Under the Copyright Act, the author of a “collective work,” meaning a collection of individual works, holds a copyright in the collective work as a whole. The author of each individual work, however, keeps the copyright in his or her individual contribution. For example, this newspaper as a whole would be considered a “collective work,” with separate copyrights vested in the publisher for the whole newspaper and in the author for this particular article.

Normally, the owner of a copyright can prevent others from reproducing or distributing the copyrighted work. The rules are different when the work is part of a collective work. The Copyright Act gives the owner of the copyright in a collective work the “privilege” of reproducing or distributing each individual author’s contribution, without permission, as part of the collective work or as part of a “revision” to the collective work or a “later collective work in the same series.”

The issue before the Supreme Court in the Tasini case was whether this collective-work privilege permitted the print publishers to allow the republication of individual articles in electronic databases. The question asked in Tasini was whether republication in electronic databases is simply a republication, revision or later edition of the original collective work. The court answered no.

According to the court, the Lexis/Nexis database and the commercial CD-ROM products at issue were not covered by the collective-work privilege because a user of the electronic databases would not perceive the individual articles to be part of any broader collective work. A researcher retrieving a Times article from Nexis, for example, would be given the article in isolation, without the surrounding context of the other articles contained in the magazine in which the article originally appeared. The researcher would retrieve only the individual article, the copyright to which is owned solely by the author, not the entire collective work.

What about that “wiggle room” mentioned above?

The court focused heavily on the facts of how the particular databases at issue were presented to readers. It may be possible to configure a database or an HTML document to faithfully reproduce the context of the original collective work and thereby to fall within the collective-work privilege. Also, the court left open the issue of whether certain types of Web sites could be considered “libraries” and therefore subject to the Copyright Act’s library exceptions. However, pursuing such potential loopholes is not for the faint of heart or shallow of pocket.

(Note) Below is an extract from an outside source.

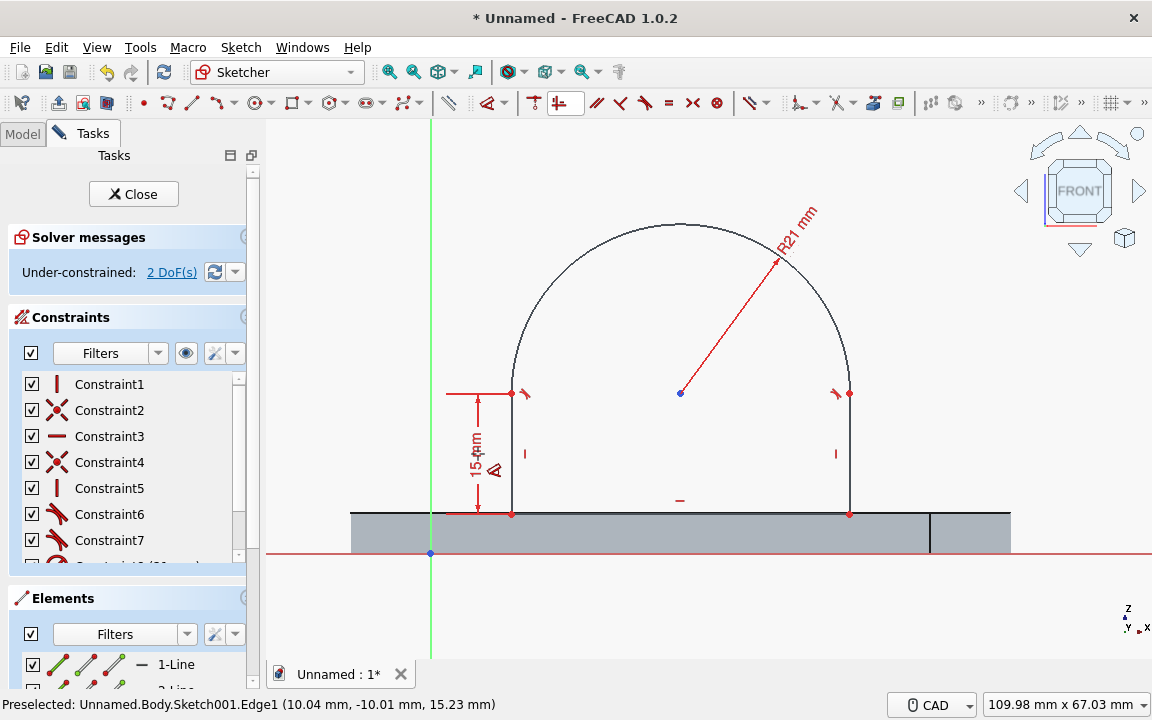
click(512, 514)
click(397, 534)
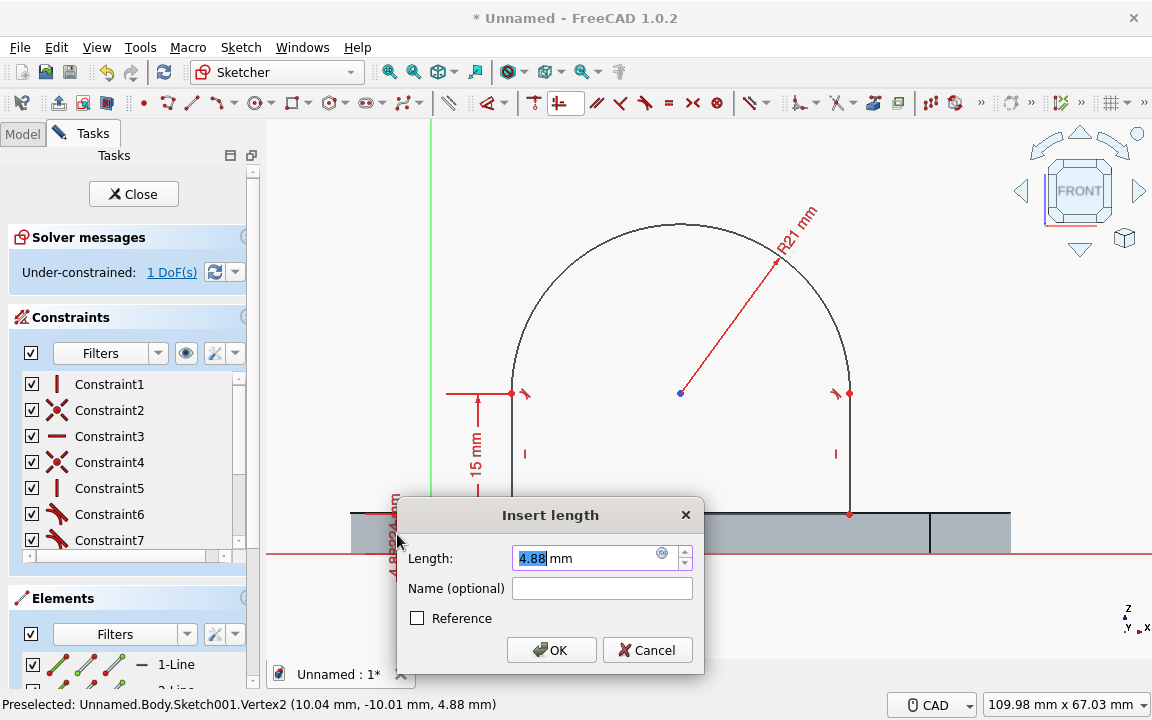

Tasini is certain to change the bargaining relationship between free-lancers and e-publishers. Though some major publishers are threatening to delete archived articles, the demand for easily searchable databases will only increase as the Web becomes even more ubiquitous. It is likely that, as with many other large-scale copyright problems, some form of blanket license or automatic permission system will be developed. In that event, it may be that free-lancers will be able to avoid the now common “all media” clauses in their independent contractor agreements. For now, the full economic and legal fallout of Tasini is uncertain.